I was never supposed to teach a course on utopian and dystopian literature, especially not one in modern and contemporary American lit. I’m a nineteenth-century Americanist specializing in the classics (Hawthorne, Whitman, Melville, Stowe, Alcott)—all the stuff people hate reading in high school and then find mildly more digestible in college.

But as a postdoc a few years ago, I was assigned to team-teach a course with a historian. Our scholarly interests varied wildly, but our literary fandom overlapped within the utopian and dystopian genre. So we stitched together a course and taught some of our favorite literary texts: Charlotte Perkins Gilman’s Herland, Octavia Butler’s Parable of the Sower, Margaret Atwood’s The Handmaid’s Tale—plus a handful of relevant films (Children of Men, Snowpiercer, Mad Max: Fury Road). Somehow it all worked, and the subject had more philosophical punch than I ever fathomed.

Each spring when I teach “Utopias and Dystopias in American Literature,” I tell students that the material can be terribly depressing. Utopias are often built to fail, or at least disenchant; one character’s utopia is often another’s dystopia. I always expect some sort of disappointment. But students swiftly tell me that they’re enrolling for the dystopias, not the utopias. They’re here for the post-apocalyptic landscapes, the totalitarian regimes, the starving heroes and heroines. No one wants stories about communes of happy, smiling people; in fact, they’re suspicious whenever those sunny narratives appear. There must be something more sinister underneath, students say—and they’re almost always right.

So why is utopian and dystopian literature all the rage these days? Some pop critics believe the appeal can be traced to a crude sensationalism popular among the masses; others theorize that hopeless despair is the millennial generation’s calling card. My students often gravitate toward the subject because they recognize our own society as increasingly on the verge of disaster. Conveniently, there is a flavor of this narrative for every student. Biology majors are attracted to the works about genetic mutations run amok, sociology students find fascinating the narratives about failed communal planning, and engineering students inform me that dastardly robots actually are going to overtake the human race. But everyone agrees: The future is utterly terrifying.

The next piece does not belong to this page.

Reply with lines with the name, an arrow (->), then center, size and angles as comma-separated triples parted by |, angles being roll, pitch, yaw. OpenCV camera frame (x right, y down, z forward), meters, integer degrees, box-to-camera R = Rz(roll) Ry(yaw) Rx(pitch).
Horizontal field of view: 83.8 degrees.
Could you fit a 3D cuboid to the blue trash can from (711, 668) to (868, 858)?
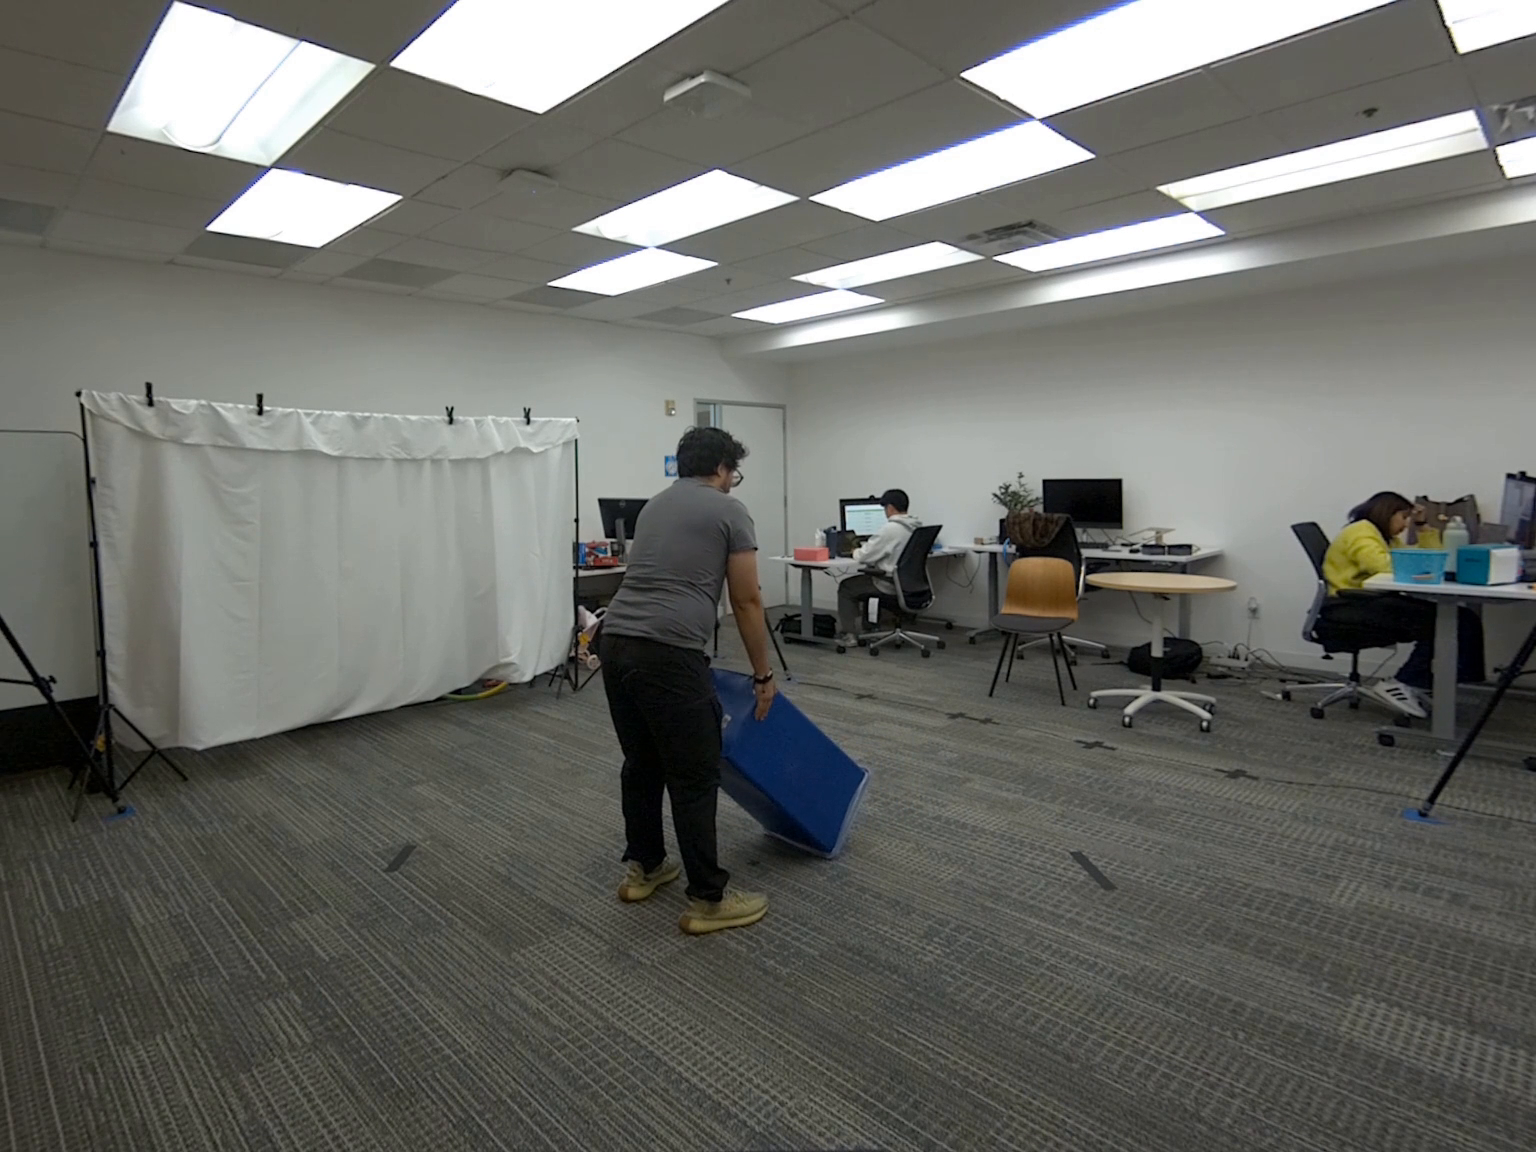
blue trash can -> 0.013, 0.677, 3.114 | 0.386, 0.380, 0.687 | 4, -35, 45

Before we look at the future, I direct students to the past. Antipatriarchal utopias and ecological terrors, as two examples, stretch decades if not centuries backward. I structure one unit around America’s postwar suburban dream (with works like Betty Friedan’s The Feminine Mystique, Ira Levin’s The Stepford Wives, and David Lynch’s Blue Velvet). Selfishly, I also use these materials to confirm my suspicions that beyond the perfectly manicured lawns and phony smiles of my childhood neighbors, there was an epic desperation at play. As I say, the friendly milkman can be just as frightening as the murderous android.

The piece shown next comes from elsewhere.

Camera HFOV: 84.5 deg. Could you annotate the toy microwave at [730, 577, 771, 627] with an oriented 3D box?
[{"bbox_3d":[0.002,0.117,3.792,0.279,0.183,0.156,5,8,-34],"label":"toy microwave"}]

Rest assured, I save enough airtime for the latter. Readings by authors like Ray Bradbury and Isaac Asimov—who tell tales about electric grandmothers and cyborg-human hybrids—exhibit a fictional future creeping closer to our present reality.

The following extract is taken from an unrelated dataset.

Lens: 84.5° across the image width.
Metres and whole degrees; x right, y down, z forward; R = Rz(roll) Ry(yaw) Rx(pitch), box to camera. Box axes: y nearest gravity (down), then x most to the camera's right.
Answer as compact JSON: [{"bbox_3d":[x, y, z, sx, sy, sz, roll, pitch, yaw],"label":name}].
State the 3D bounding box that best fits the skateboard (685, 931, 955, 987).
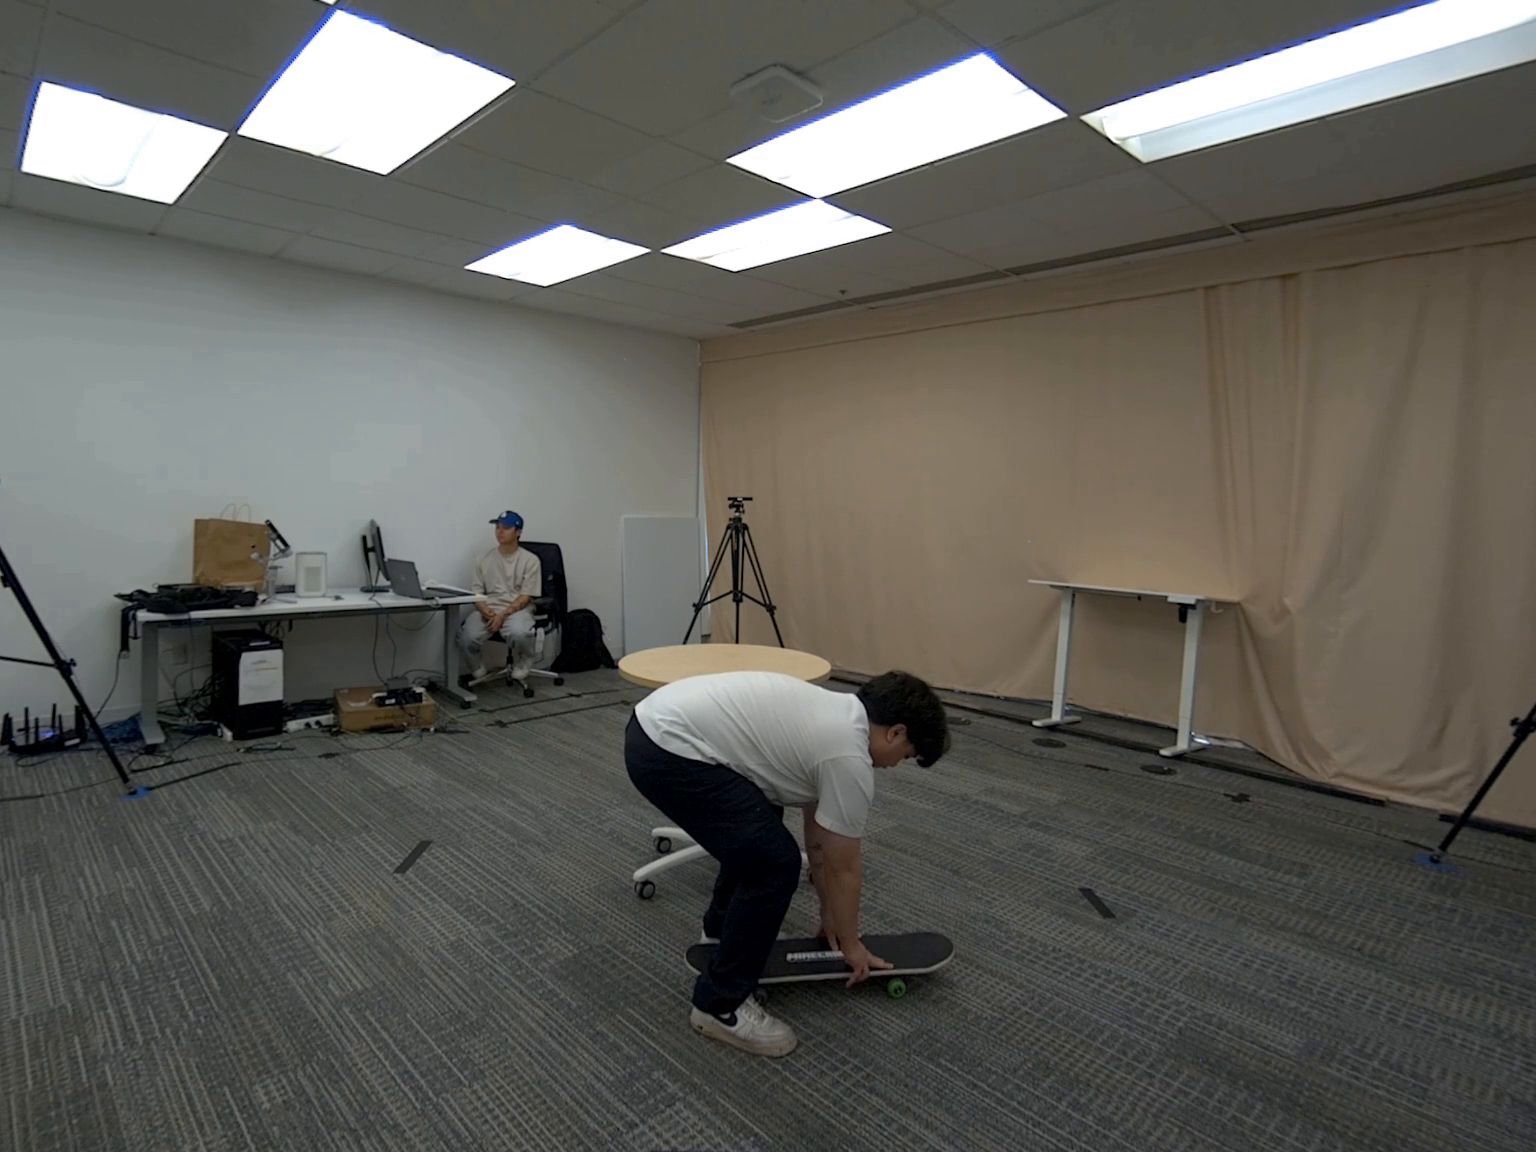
[{"bbox_3d":[0.147,1.123,2.417,0.780,0.110,0.195,1,5,-9],"label":"skateboard"}]

My favorite class each semester takes us to Duke’s Glenn Negley Collection of Utopian Literature and the newly acquired Locus Science Fiction Collection. Parsing through Thomas More’s original 1516 map of his fictional Utopia island or dissecting Russian cover illustrations of George Orwell’s 1984, students can understand how wide-ranging—chronologically and geographically— the genre reaches. As imminent as so many of our fears appear, there are almost always precedents or analogs. These discoveries don’t make the course themes any less urgent. Rather, the archive initiates students into a fraternity of intellectuals who have wrestled with an uncertain tomorrow.

This urgency is finally what drives the course. Sure, students are attracted to dystopias first. But as an intellectual collective, we can still devise ways to thwart the forces behind them. As I finally try to bestow, the future isn’t here yet—and we all might be secret utopists at heart.

D’Alessandro is an assistant professor of English whose teaching at Duke has included “Modern American Drama” and “Classics of American Literature,” along with “Utopias and Dystopias in American Literature.”